It is also the largest strike in the history of higher education in America. The graduate student workers average salary is $24,000 a year, which is not a living wage with the cost of rent for an apartment in the cities where the campuses are located averaging $24,000 per year and $37,000 in Los Angeles. And the inflation rate is currently over 7 percent, is eroding workers’ purchasing power. Some students work second or third jobs, other sell their blood, and yet others have even become homeless.
The union is demanding an average salary of $54,000 per year for most workers and $70,000 for post-docs (who currently earn $55,361) with a cost-of-living clause that would adjust for inflation. The union is also demanding $2,000 a month for child care, expanded parental leave, and passes for public transportation. (Professors in the California Faculty Association whose salaries average $85,000 to $176,000 are not involved in the strike.)
Neil Sweeney, a post-doc in microbiology and president of UAW Local 5810, says the union is trying to make “transformational changes” that will improve workers’ lives and also improve education and research. Contract negotiations had gone on for more than a year when the strike began, and the union has filed 28 unfair labor practice complaints for the university’s failure to bargain in good faith.
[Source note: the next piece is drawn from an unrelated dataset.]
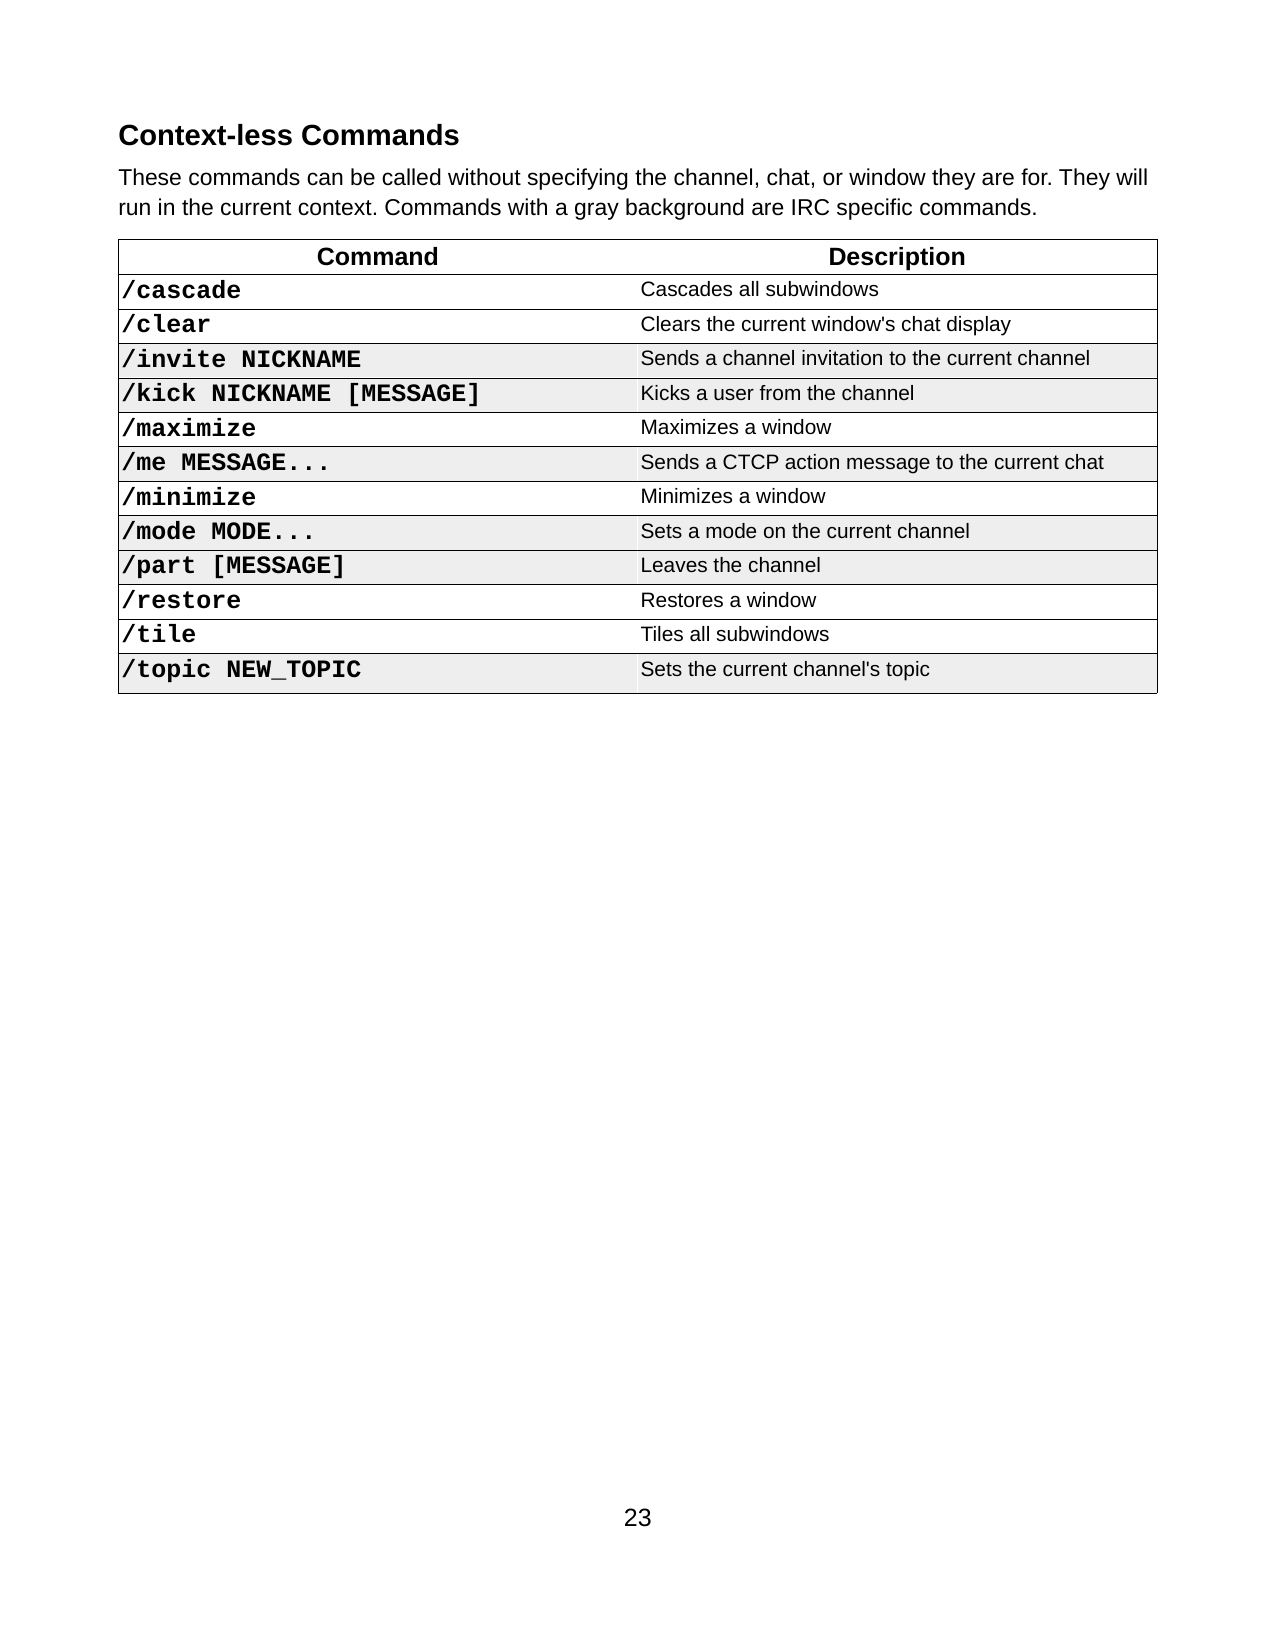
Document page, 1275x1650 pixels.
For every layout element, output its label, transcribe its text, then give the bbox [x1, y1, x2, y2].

The university administration wants mediation, but the union wants to continue negotiating while striking.
Workers on strike, post-doctoral scholars, academic researchers, academic student employees (teaching assistants, readers, and tutors) and graduate researchers on the university’s ten campuses spread over 500 miles from north to south. They are members of three local unions all affiliated with the United Auto Workers union (UAW). (In the United States, as industry shrank, various industrial unions began to organize academic employees at the country’s universities who today are represented not only by the UAW but sometimes by the United Electrical Workers, the Communication Workers, or the United Steel Workers, as well as by the American Federation of Teachers or the National Education Association.) Striking employees such as teaching assistants do much of the actual teaching and grading at the university and without them many classes have been forced to close while students’ final examination grades may not get done on time. Since going on strike, the UC workers have received the support of the California Federation of Labor that called for the cancellation of all events on campus. Teamsters representing UPS have said that they will not be making deliveries to the campus while the strike continues.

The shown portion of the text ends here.